I was having troubles when we used the acetyline torch to solder the ball valves..... the threaded seam could not take the heat and the sealant on the threads would burn out and then leak.... they claimed it was my fault for getting the valve too hot..... 


also I noticed with the legends if you fooled with an older one a lot of times they would decide to leak at the handle...

I am at peace with it all but on occasion my salesman tries to sneak some back in my door and then all hell breaks loose.....

..


----------



## skoronesa (Oct 27, 2015)

czplumbing said:


> I will thanks, I didn't know you could call the manufacture directly and they would provide this. Thanks





LOLLOLLOLOLOL!!! You really think wolverine brass manufactures anything anymore?

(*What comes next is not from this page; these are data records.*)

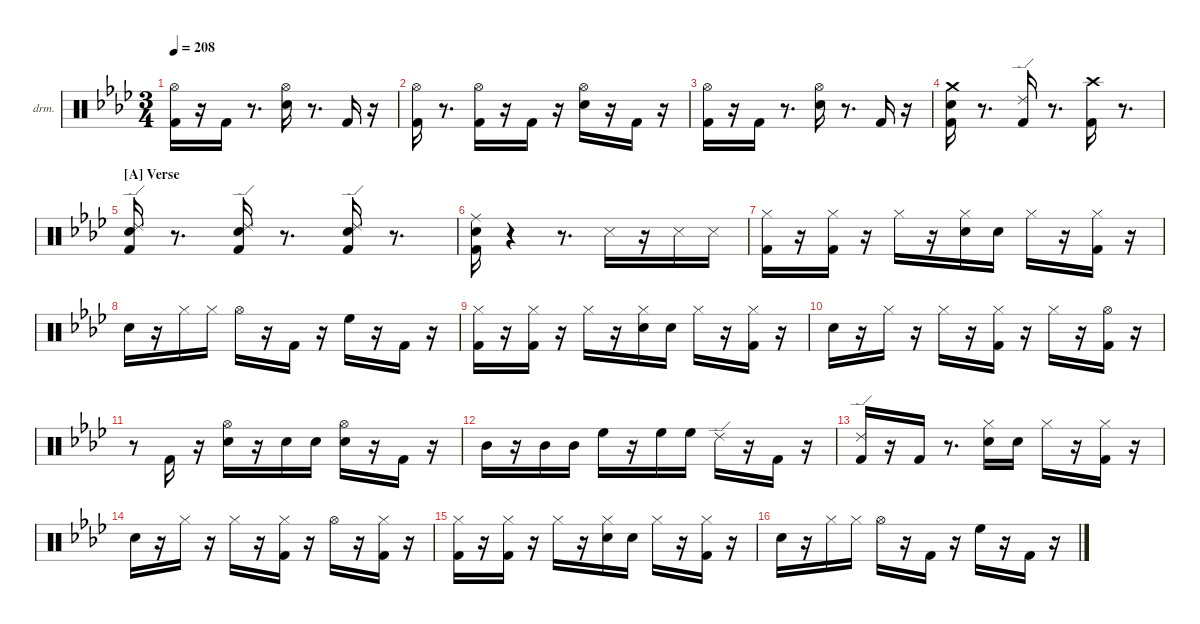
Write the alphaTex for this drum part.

\hideDynamics
\bracketExtendMode nobrackets
\firstSystemTrackNameOrientation horizontal
\otherSystemsTrackNameOrientation horizontal
\track ("EZdrummer 3" "drm.") {instrument percussion}
\staff {score}
\articulation defaults
\ts (3 4)
\tempo 208
\clef neutral
\ks fminor
("Kick (hit) 2"{acc forcenatural} "Hi-Hat (open)"{acc b}).16{dy mf beam Down} r.16{beam Down} "Kick (hit) 2"{acc forcenatural}.16{dy fff beam Up} r.8{d beam Up} ("Snare (hit) 2"{acc forcenatural} "Hi-Hat (open)"{acc b}).16{dy ff beam Down} r.8{d beam Down} "Kick (hit) 2"{acc forcenatural}.16{dy mf beam Up} r.16{beam Up} |
("Kick (hit) 2"{acc forcenatural} "Hi-Hat (open)"{acc b}).16{dy fff beam Down} r.8{d beam Down} ("Kick (hit) 2"{acc forcenatural} "Hi-Hat (open)"{acc b}).16{dy mf beam Down} r.16{beam Down} "Kick (hit) 2"{acc forcenatural}.16{dy ff beam Up} r.16{beam Up} ("Snare (hit) 2"{acc forcenatural} "Hi-Hat (open)"{acc b}).16{beam Down} r.16{beam Down} "Kick (hit) 2"{acc forcenatural}.16{dy mp beam Up} r.16{beam Up} |
("Kick (hit) 2"{acc forcenatural} "Hi-Hat (open)"{acc b}).16{dy fff beam Down} r.16{beam Down} "Kick (hit) 2"{acc forcenatural}.16{dy mf beam Up} r.8{d beam Up} ("Snare (hit) 2"{acc forcenatural} "Hi-Hat (open)"{acc b}).16{dy ff beam Down} r.8{d beam Down} "Kick (hit) 2"{acc forcenatural}.16{dy mf beam Up} r.16{beam Up} |
("Kick (hit) 2"{acc forcenatural} "Snare (hit) 2"{acc forcenatural} "Crash medium (hit)"{acc forcenatural}).16{dy fff beam Down} r.8{d beam Down} ("Kick (hit) 2"{acc forcenatural} "Ride (edge) 2"{acc forcenatural}).16{dy f beam Up} r.8{d beam Up} ("Kick (hit) 2"{acc forcenatural} "Crash high (hit)"{acc b}).16{dy ff beam Down} r.8{d beam Down} |
\section ("A" "Verse")
("Kick (hit) 2"{acc forcenatural} "Snare (hit) 2"{acc forcenatural} "Ride (edge) 2"{acc forcenatural}).16{dy fff beam Up} r.8{d beam Up} ("Kick (hit) 2"{acc forcenatural} "Snare (hit) 2"{acc forcenatural} "Ride (edge) 2"{acc forcenatural}).16{dy mf beam Up} r.8{d beam Up} ("Kick (hit) 2"{acc forcenatural} "Snare (hit) 2"{acc forcenatural} "Ride (edge) 2"{acc forcenatural}).16{dy f beam Up} r.8{d beam Up} |
("Kick (hit) 2"{acc forcenatural} "Snare (hit) 2"{acc forcenatural} "Ride (middle)"{acc b}).16{dy fff beam Down} r.4{beam Down} r.8{d beam Down} "Snare (side stick) 3"{acc b}.16{dy f beam Down} r.16{beam Down} "Snare (side stick) 3"{acc b}.16{dy mp beam Down} "Snare (side stick) 3"{acc b}.16{dy pp beam Down} |
("Kick (hit) 2"{acc forcenatural} "Hi-Hat (closed)"{acc b}).16{dy mf beam Down} r.16{beam Down} ("Kick (hit) 2"{acc forcenatural} "Hi-Hat (closed)"{acc b}).16{dy ff beam Down} r.16{beam Down} "Hi-Hat (closed)"{acc b}.16{dy pp beam Down} r.16{beam Down} ("Snare (hit) 2"{acc forcenatural} "Hi-Hat (closed)"{acc b}).16{dy mf beam Down} "Snare (hit) 2"{acc forcenatural}.16{dy ppp beam Down} "Hi-Hat (closed)"{acc b}.16{dy mf beam Down} r.16{beam Down} ("Kick (hit) 2"{acc forcenatural} "Hi-Hat (closed)"{acc b}).16{dy ff beam Down} r.16{beam Down} |
"Snare (hit) 2"{acc forcenatural}.16{dy fff beam Down} r.16{beam Down} "Hi-Hat (closed)"{acc b}.16{dy f beam Down} "Hi-Hat (closed)"{acc b}.16{dy mf beam Down} "Hi-Hat (open)"{acc b}.16{dy fff beam Down} r.16{beam Down} "Kick (hit) 2"{acc forcenatural}.16{dy ff beam Up} r.16{beam Up} "High Floor Tom (hit)"{acc forcenatural}.16{dy f beam Down} r.16{beam Down} "Kick (hit) 2"{acc forcenatural}.16{dy mf beam Up} r.16{beam Up} |
("Kick (hit) 2"{acc forcenatural} "Hi-Hat (closed)"{acc b}).16{dy fff beam Down} r.16{beam Down} ("Kick (hit) 2"{acc forcenatural} "Hi-Hat (closed)"{acc b}).16{dy mf beam Down} r.16{beam Down} "Hi-Hat (closed)"{acc b}.16{dy pp beam Down} r.16{beam Down} ("Snare (hit) 2"{acc forcenatural} "Hi-Hat (closed)"{acc b}).16{dy mf beam Down} "Snare (hit) 2"{acc forcenatural}.16{dy ppp beam Down} "Hi-Hat (closed)"{acc b}.16{dy mf beam Down} r.16{beam Down} ("Kick (hit) 2"{acc forcenatural} "Hi-Hat (closed)"{acc b}).16{dy ff beam Down} r.16{beam Down} |
"Snare (hit) 2"{acc forcenatural}.16{dy fff beam Down} r.16{beam Down} "Hi-Hat (closed)"{acc b}.16{dy mf beam Down} r.16{beam Down} "Hi-Hat (closed)"{acc b}.16{dy fff beam Down} r.16{beam Down} ("Kick (hit) 2"{acc forcenatural} "Hi-Hat (closed)"{acc b}).16{dy ff beam Down} r.16{beam Down} "Hi-Hat (closed)"{acc b}.16{dy fff beam Down} r.16{beam Down} ("Kick (hit) 2"{acc forcenatural} "Hi-Hat (open)"{acc b}).16{dy f beam Down} r.16{beam Down} |
r.8{beam Down} "Kick (hit) 2"{acc forcenatural}.16{dy mf beam Up} r.16{beam Up} ("Snare (hit) 2"{acc forcenatural} "Hi-Hat (open)"{acc b}).16{dy ff beam Down} r.16{beam Down} "Snare (hit) 2"{acc forcenatural}.16{dy pp beam Down} "Snare (hit) 2"{acc forcenatural}.16{dy ppp beam Down} ("Snare (hit) 2"{acc forcenatural} "Hi-Hat (open)"{acc b}).16{dy fff beam Down} r.16{beam Down} "Kick (hit) 2"{acc forcenatural}.16{dy ff beam Up} r.16{beam Up} |
"Mid Tom (hit)"{acc forcenatural}.16{beam Down} r.16{beam Down} "Mid Tom (hit)"{acc forcenatural}.16{beam Up} "Mid Tom (hit)"{acc forcenatural}.16{dy f beam Up} "High Floor Tom (hit)"{acc forcenatural}.16{dy ff beam Down} r.16{beam Down} "High Floor Tom (hit)"{acc forcenatural}.16{beam Down} "High Floor Tom (hit)"{acc forcenatural}.16{dy f beam Down} "Ride (edge) 2"{acc forcenatural}.16{dy mf beam Down} r.16{beam Down} "Kick (hit) 2"{acc forcenatural}.16{dy mp beam Up} r.16{beam Up} |
("Kick (hit) 2"{acc forcenatural} "Ride (edge) 2"{acc forcenatural}).16{dy fff beam Up} r.16{beam Up} "Kick (hit) 2"{acc forcenatural}.16{dy mp beam Up} r.8{d beam Up} ("Snare (hit) 2"{acc forcenatural} "Hi-Hat (closed)"{acc b}).16{dy mf beam Down} "Snare (hit) 2"{acc forcenatural}.16{dy ppp beam Down} "Hi-Hat (closed)"{acc b}.16{dy mf beam Down} r.16{beam Down} ("Kick (hit) 2"{acc forcenatural} "Hi-Hat (closed)"{acc b}).16{dy ff beam Down} r.16{beam Down} |
"Snare (hit) 2"{acc forcenatural}.16{dy fff beam Down} r.16{beam Down} "Hi-Hat (closed)"{acc b}.16{dy mf beam Down} r.16{beam Down} "Hi-Hat (closed)"{acc b}.16{dy fff beam Down} r.16{beam Down} ("Kick (hit) 2"{acc forcenatural} "Hi-Hat (closed)"{acc b}).16{dy ff beam Down} r.16{beam Down} "Hi-Hat (open)"{acc b}.16{beam Down} r.16{beam Down} ("Kick (hit) 2"{acc forcenatural} "Hi-Hat (closed)"{acc b}).16{dy mp beam Down} r.16{beam Down} |
("Kick (hit) 2"{acc forcenatural} "Hi-Hat (closed)"{acc b}).16{dy ff beam Down} r.16{beam Down} ("Kick (hit) 2"{acc forcenatural} "Hi-Hat (closed)"{acc b}).16{dy mp beam Down} r.16{beam Down} "Hi-Hat (closed)"{acc b}.16{dy pp beam Down} r.16{beam Down} ("Snare (hit) 2"{acc forcenatural} "Hi-Hat (closed)"{acc b}).16{dy mf beam Down} "Snare (hit) 2"{acc forcenatural}.16{dy ppp beam Down} "Hi-Hat (closed)"{acc b}.16{dy mf beam Down} r.16{beam Down} ("Kick (hit) 2"{acc forcenatural} "Hi-Hat (closed)"{acc b}).16{dy ff beam Down} r.16{beam Down} |
"Snare (hit) 2"{acc forcenatural}.16{dy fff beam Down} r.16{beam Down} "Hi-Hat (closed)"{acc b}.16{dy f beam Down} "Hi-Hat (closed)"{acc b}.16{dy mf beam Down} "Hi-Hat (open)"{acc b}.16{dy fff beam Down} r.16{beam Down} "Kick (hit) 2"{acc forcenatural}.16{dy ff beam Up} r.16{beam Up} "High Floor Tom (hit)"{acc forcenatural}.16{dy f beam Down} r.16{beam Down} "Kick (hit) 2"{acc forcenatural}.16{dy mp beam Up} r.16{beam Up}

They outsource darn near everything as best I can tell. Don't get me wrong, most of it is good quality but they aren't making stuff in house anymore from what I see.


I also suggest ordering from wolverine brass, there is an ad right in there catalog for custom ball valves and a company in town orders them, they look pretty good and seem to hold their lettering for years.







.


----------



## skoronesa (Oct 27, 2015)

We use red-white valves except for this one place we work at which requires apollo brand valves for anything and if we don't use them they freak. The red-white valves seem fine.



For boiler drains we use campbell-hausfeld chrome plated ball valve boiler drains. We used to use red-white ball valve boiler drains but they had a recall for a long time so we switched. I think we had to change out like 200 drains free of charge because of the recall and how many we had fail at the pressure side of the assembly seam.


If you guys are burning flux try tinning flux, it is amazing. I started using tinning flux like 4 months ago and it's the best thing I have tried in a long time. Our guys use acetylene all the time and don't have issues burning up valves. I will say the red-white valves seem to have really close tolerances on the assembly threads and even after unscrewing them and rescrewing them they don't leak.


There has to be a company that prints on heat shrink. Then you could slip a piece over a handle and heat it with the torch. Would be good for on pipes too.






.


----------



## skoronesa (Oct 27, 2015)

Found a place that does custom heat shrink


https://www.heatshrink.com/content/custom-printing.asp






.


----------



## czplumbing (Nov 24, 2014)

I use webstone with bleaders for hose bibs, but everything else Watts, good valves solid handle and I always check the packing on any valve. Last thing I need is to get a call to go back and tighten a packing nut


----------